Ireland’s personal life continued to be complicated. By the time his marriage was dissolved he had met Helen Perkin, another young pianist, the same age as his former wife. He appears to have been almost as infatuated with her as he had been with Arthur Miller, a troubled shift in devotion reflected in his Songs Sacred and Profane, written between 1929 and 1931. Whether or not Ireland had planned to propose to Perkin or whether he had been warned off marriage by his earlier venture into matrimony is unclear, but he was deeply upset when she married someone else in 1934, and from this time composed works in which his appreciation of boys became even less guarded.
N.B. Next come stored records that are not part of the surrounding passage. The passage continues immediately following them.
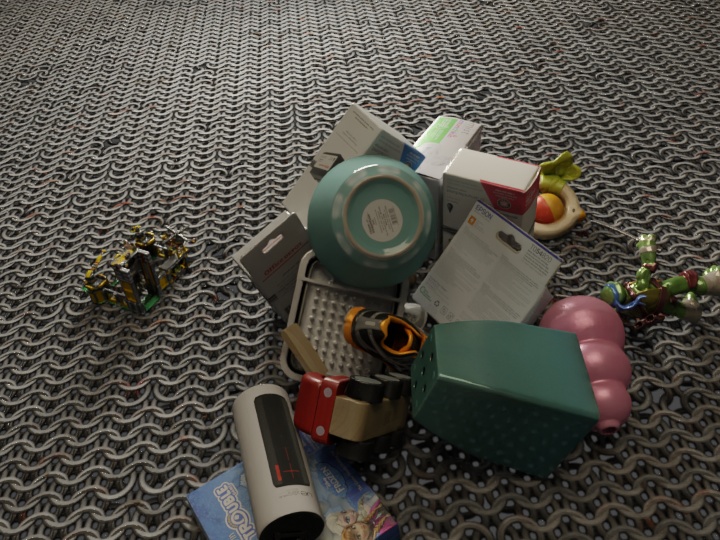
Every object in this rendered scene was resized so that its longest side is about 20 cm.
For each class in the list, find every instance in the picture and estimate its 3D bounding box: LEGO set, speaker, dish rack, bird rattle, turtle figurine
[{"bbox_3d":[-0.399,-0.025,1.212,0.153,0.117,0.200,23,48,28],"label":"LEGO set"},{"bbox_3d":[-0.105,0.240,0.843,0.080,0.082,0.201,-14,40,-10],"label":"speaker"},{"bbox_3d":[-0.024,0.079,1.034,0.169,0.044,0.203,12,78,-4],"label":"dish rack"},{"bbox_3d":[0.332,-0.133,1.282,0.198,0.113,0.164,-20,59,-12],"label":"bird rattle"},{"bbox_3d":[0.442,0.010,1.061,0.191,0.146,0.200,7,11,-13],"label":"turtle figurine"}]

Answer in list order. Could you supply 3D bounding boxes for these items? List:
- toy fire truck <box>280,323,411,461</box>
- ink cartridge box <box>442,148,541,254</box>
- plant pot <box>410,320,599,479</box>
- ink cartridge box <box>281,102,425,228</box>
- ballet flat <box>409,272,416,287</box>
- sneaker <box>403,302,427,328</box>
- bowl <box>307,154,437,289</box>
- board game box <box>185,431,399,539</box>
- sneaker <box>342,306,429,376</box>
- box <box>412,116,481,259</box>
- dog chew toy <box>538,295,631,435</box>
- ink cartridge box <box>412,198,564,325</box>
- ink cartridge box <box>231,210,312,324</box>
[{"bbox_3d":[-0.041,0.155,0.917,0.198,0.130,0.176,12,0,25],"label":"toy fire truck"},{"bbox_3d":[0.220,-0.090,1.162,0.145,0.202,0.083,17,47,24],"label":"ink cartridge box"},{"bbox_3d":[0.172,0.153,0.882,0.198,0.142,0.142,15,40,-12],"label":"plant pot"},{"bbox_3d":[-0.010,-0.148,1.115,0.084,0.201,0.145,47,17,30],"label":"ink cartridge box"},{"bbox_3d":[0.000,0.000,1.198,0.197,0.047,0.068,5,41,12],"label":"ballet flat"},{"bbox_3d":[0.008,0.070,1.089,0.197,0.083,0.075,-2,40,4],"label":"sneaker"},{"bbox_3d":[0.025,-0.074,0.976,0.198,0.204,0.105,-12,0,-8],"label":"bowl"},{"bbox_3d":[-0.088,0.309,0.855,0.198,0.044,0.200,-28,45,-23],"label":"board game box"},{"bbox_3d":[0.068,0.110,0.979,0.077,0.199,0.079,-4,68,52],"label":"sneaker"},{"bbox_3d":[0.146,-0.156,1.263,0.096,0.178,0.200,17,46,24],"label":"box"},{"bbox_3d":[0.322,0.135,0.960,0.123,0.125,0.202,-4,48,1],"label":"dog chew toy"},{"bbox_3d":[0.199,0.021,1.064,0.040,0.201,0.200,19,19,-45],"label":"ink cartridge box"},{"bbox_3d":[-0.121,-0.009,1.085,0.116,0.201,0.067,-41,49,-10],"label":"ink cartridge box"}]
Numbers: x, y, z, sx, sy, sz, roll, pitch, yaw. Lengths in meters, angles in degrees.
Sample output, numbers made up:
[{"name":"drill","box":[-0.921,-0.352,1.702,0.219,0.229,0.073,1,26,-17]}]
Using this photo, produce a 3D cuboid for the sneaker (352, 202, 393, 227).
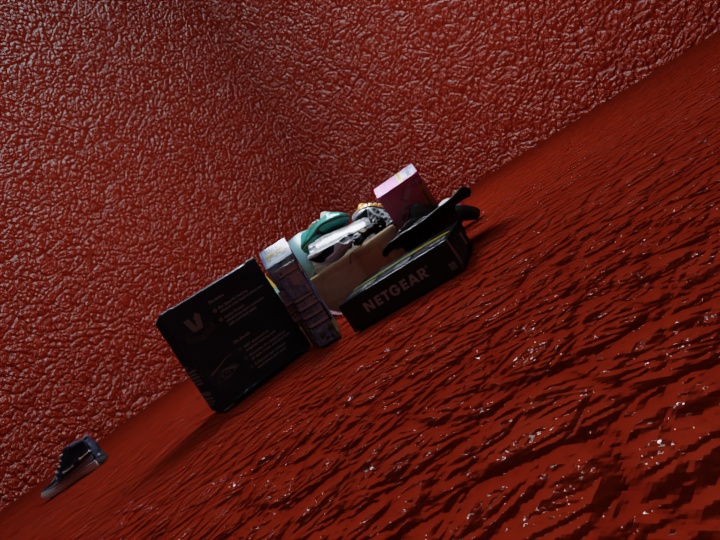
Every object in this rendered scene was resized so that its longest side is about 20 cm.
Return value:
[{"name":"sneaker","box":[0.069,-0.144,1.524,0.198,0.078,0.078,1,59,19]}]

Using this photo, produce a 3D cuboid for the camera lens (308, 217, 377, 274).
[{"name":"camera lens","box":[-0.027,-0.044,1.469,0.199,0.161,0.160,-23,4,4]}]

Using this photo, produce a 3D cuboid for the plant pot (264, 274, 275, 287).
[{"name":"plant pot","box":[-0.266,0.119,1.408,0.200,0.190,0.201,-34,3,2]}]

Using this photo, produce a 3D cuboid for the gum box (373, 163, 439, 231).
[{"name":"gum box","box":[0.135,-0.144,1.294,0.113,0.200,0.066,-33,27,10]}]

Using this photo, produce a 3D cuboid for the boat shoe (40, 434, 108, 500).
[{"name":"boat shoe","box":[-0.789,0.526,1.416,0.199,0.093,0.075,-34,3,-3]}]

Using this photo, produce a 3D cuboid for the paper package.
[{"name":"paper package","box":[0.000,0.000,1.266,0.190,0.104,0.200,-31,5,40]}]

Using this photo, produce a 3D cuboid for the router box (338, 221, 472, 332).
[{"name":"router box","box":[0.076,0.006,0.833,0.199,0.052,0.157,-32,4,22]}]

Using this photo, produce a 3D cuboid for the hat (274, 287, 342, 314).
[{"name":"hat","box":[-0.134,0.073,1.240,0.175,0.201,0.166,-27,-23,1]}]

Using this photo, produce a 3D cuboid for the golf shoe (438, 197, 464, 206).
[{"name":"golf shoe","box":[0.214,-0.130,1.474,0.200,0.075,0.092,-40,8,48]}]

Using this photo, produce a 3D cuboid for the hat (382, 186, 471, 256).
[{"name":"hat","box":[0.138,-0.061,0.956,0.200,0.081,0.201,-36,-7,-5]}]

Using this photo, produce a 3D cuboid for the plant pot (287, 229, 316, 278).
[{"name":"plant pot","box":[-0.132,-0.010,1.632,0.199,0.201,0.135,-34,40,-7]}]

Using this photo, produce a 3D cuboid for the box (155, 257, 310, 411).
[{"name":"box","box":[-0.235,0.119,0.970,0.196,0.201,0.117,-34,3,-29]}]

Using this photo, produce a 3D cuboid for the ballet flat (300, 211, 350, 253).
[{"name":"ballet flat","box":[-0.111,-0.128,1.512,0.067,0.071,0.200,13,-39,-43]}]

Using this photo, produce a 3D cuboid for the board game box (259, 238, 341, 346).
[{"name":"board game box","box":[-0.115,0.038,0.955,0.061,0.201,0.200,-32,2,-4]}]

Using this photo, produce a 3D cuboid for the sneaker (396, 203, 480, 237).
[{"name":"sneaker","box":[0.180,-0.098,1.227,0.198,0.105,0.060,3,-11,-2]}]

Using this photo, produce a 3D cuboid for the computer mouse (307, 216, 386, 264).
[{"name":"computer mouse","box":[-0.037,-0.055,1.186,0.199,0.044,0.110,-24,13,37]}]

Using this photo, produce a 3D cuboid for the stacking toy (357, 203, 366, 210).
[{"name":"stacking toy","box":[0.050,-0.120,1.616,0.116,0.201,0.110,-32,-3,-17]}]
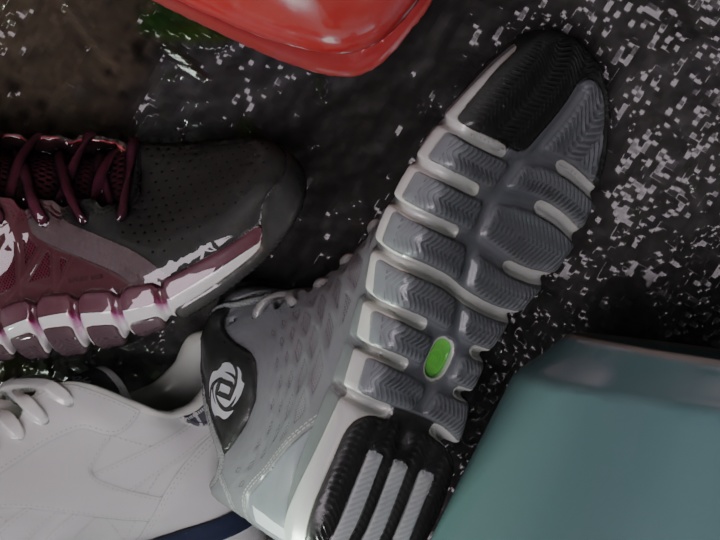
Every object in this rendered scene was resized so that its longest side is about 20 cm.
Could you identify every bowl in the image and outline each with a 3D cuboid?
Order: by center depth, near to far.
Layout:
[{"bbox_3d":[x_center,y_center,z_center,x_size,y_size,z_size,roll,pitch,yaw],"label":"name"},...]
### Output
[{"bbox_3d":[0.116,0.080,0.964,0.200,0.201,0.106,8,92,7],"label":"bowl"}]

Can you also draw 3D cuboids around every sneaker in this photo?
[{"bbox_3d":[-0.127,-0.030,1.000,0.199,0.076,0.116,-18,122,16],"label":"sneaker"},{"bbox_3d":[0.000,0.000,1.005,0.075,0.115,0.201,33,81,-40],"label":"sneaker"},{"bbox_3d":[-0.126,0.078,1.016,0.076,0.199,0.081,19,118,52],"label":"sneaker"}]

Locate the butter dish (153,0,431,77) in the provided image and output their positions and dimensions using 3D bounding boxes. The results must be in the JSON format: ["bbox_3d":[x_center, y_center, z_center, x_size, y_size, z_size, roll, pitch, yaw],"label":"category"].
[{"bbox_3d":[-0.025,-0.149,0.896,0.199,0.148,0.200,25,113,-21],"label":"butter dish"}]
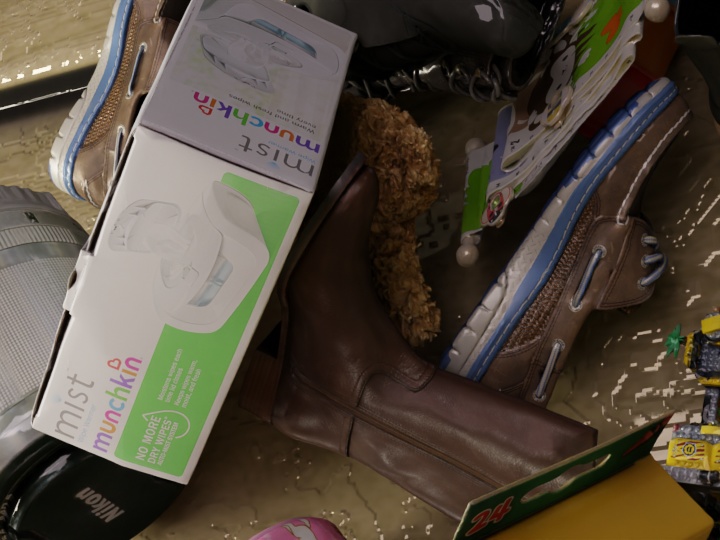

His original intention had been to call the central movement of the contemporaneous Sarnia ‘Boyslove’ (it was inspired by, and dedicated to, the ten-year-old son of the proprietor of a hotel in Guernsey where Ireland was a resident, and was eventually published as ‘In a May morning’), while his 1943 Fantasy Sonata for clarinet and piano is subtitled ‘Ode to Giton’, a reference to the sixteen-year-old lover of the narrator in Petronius’s Satyricon.